Every line from the top of the records through the one bearing "text - een duidelijke" is to be reproduced exactly, and pictures are to be left out.

Excerpts from a dataset:
Start of Block

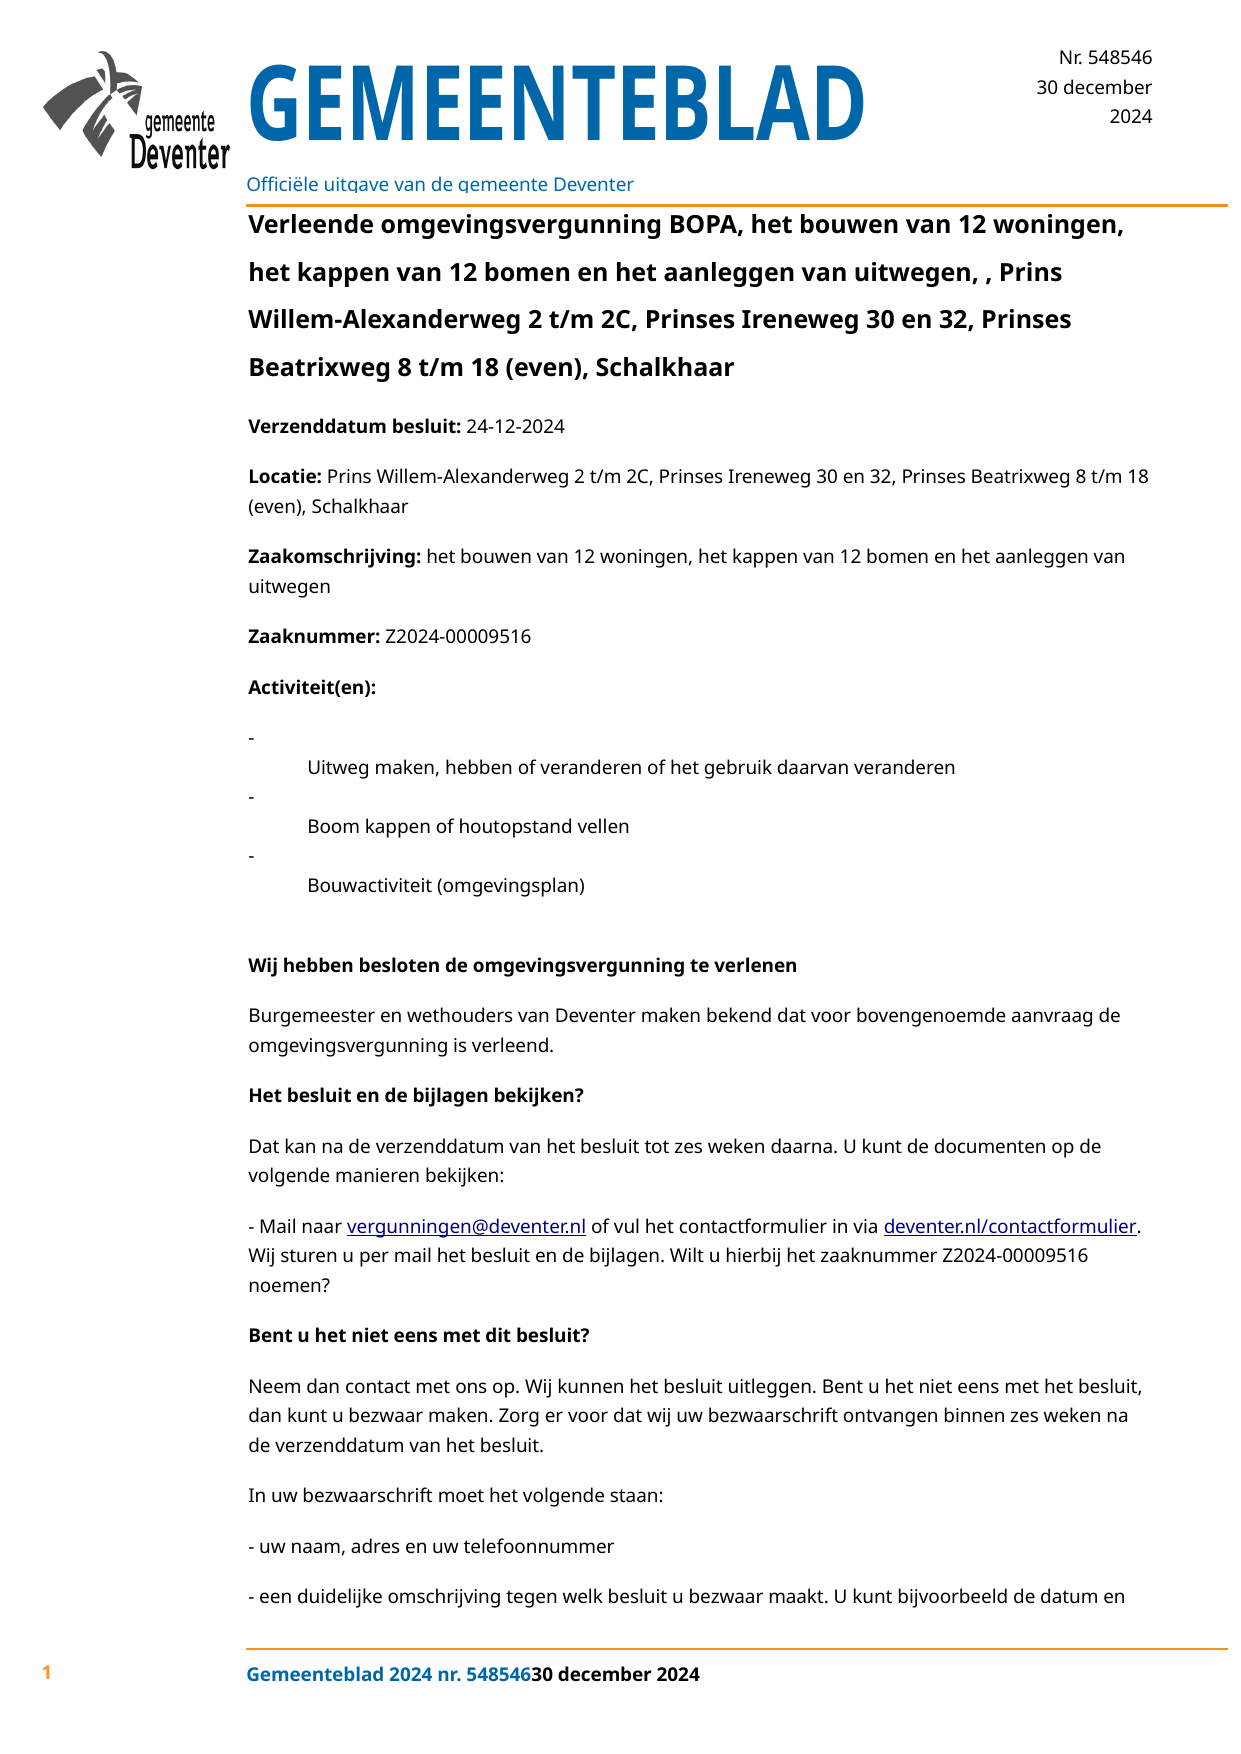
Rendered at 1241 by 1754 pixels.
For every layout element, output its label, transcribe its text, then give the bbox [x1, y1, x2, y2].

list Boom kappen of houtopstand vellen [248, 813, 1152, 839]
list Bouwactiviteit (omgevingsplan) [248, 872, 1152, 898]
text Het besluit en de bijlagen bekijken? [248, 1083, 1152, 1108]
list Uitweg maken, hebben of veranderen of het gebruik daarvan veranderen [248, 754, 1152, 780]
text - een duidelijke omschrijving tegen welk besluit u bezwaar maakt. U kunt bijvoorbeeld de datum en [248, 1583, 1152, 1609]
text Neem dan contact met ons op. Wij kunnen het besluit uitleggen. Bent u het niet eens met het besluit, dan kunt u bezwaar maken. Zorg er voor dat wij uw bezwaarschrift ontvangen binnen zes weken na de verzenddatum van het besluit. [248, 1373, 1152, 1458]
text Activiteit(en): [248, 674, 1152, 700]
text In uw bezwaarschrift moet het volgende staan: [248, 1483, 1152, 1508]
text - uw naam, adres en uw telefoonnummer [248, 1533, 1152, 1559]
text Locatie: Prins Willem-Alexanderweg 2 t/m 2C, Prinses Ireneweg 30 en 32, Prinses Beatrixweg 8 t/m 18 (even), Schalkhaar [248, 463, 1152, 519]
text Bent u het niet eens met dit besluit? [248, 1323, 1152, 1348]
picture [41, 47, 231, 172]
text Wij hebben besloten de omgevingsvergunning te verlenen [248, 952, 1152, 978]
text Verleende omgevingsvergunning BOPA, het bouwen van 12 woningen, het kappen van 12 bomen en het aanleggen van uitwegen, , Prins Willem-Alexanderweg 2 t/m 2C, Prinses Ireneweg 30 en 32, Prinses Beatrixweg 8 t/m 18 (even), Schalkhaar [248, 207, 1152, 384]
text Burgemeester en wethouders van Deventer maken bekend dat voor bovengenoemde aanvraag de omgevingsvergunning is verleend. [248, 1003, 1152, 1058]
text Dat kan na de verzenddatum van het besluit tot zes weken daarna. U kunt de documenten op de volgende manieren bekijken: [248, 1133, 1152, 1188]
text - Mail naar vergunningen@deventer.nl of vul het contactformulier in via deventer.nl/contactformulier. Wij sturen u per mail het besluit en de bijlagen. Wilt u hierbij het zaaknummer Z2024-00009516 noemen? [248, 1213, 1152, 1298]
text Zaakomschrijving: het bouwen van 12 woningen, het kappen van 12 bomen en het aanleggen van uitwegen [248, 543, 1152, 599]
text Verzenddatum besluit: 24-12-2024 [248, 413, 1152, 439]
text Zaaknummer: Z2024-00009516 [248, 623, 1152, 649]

End of Block

▶ _Response area_
Rendered at 1241 by 1754 pixels.
For every layout element, output its label, transcribe its text, then give the bbox [x1, y1, x2, y2].

list Boom kappen of houtopstand vellen [248, 813, 1152, 839]
list Bouwactiviteit (omgevingsplan) [248, 872, 1152, 898]
text Het besluit en de bijlagen bekijken? [248, 1083, 1152, 1108]
list Uitweg maken, hebben of veranderen of het gebruik daarvan veranderen [248, 754, 1152, 780]
text - een duidelijke omschrijving tegen welk besluit u bezwaar maakt. U kunt bijvoorbeeld de datum en [248, 1583, 1152, 1609]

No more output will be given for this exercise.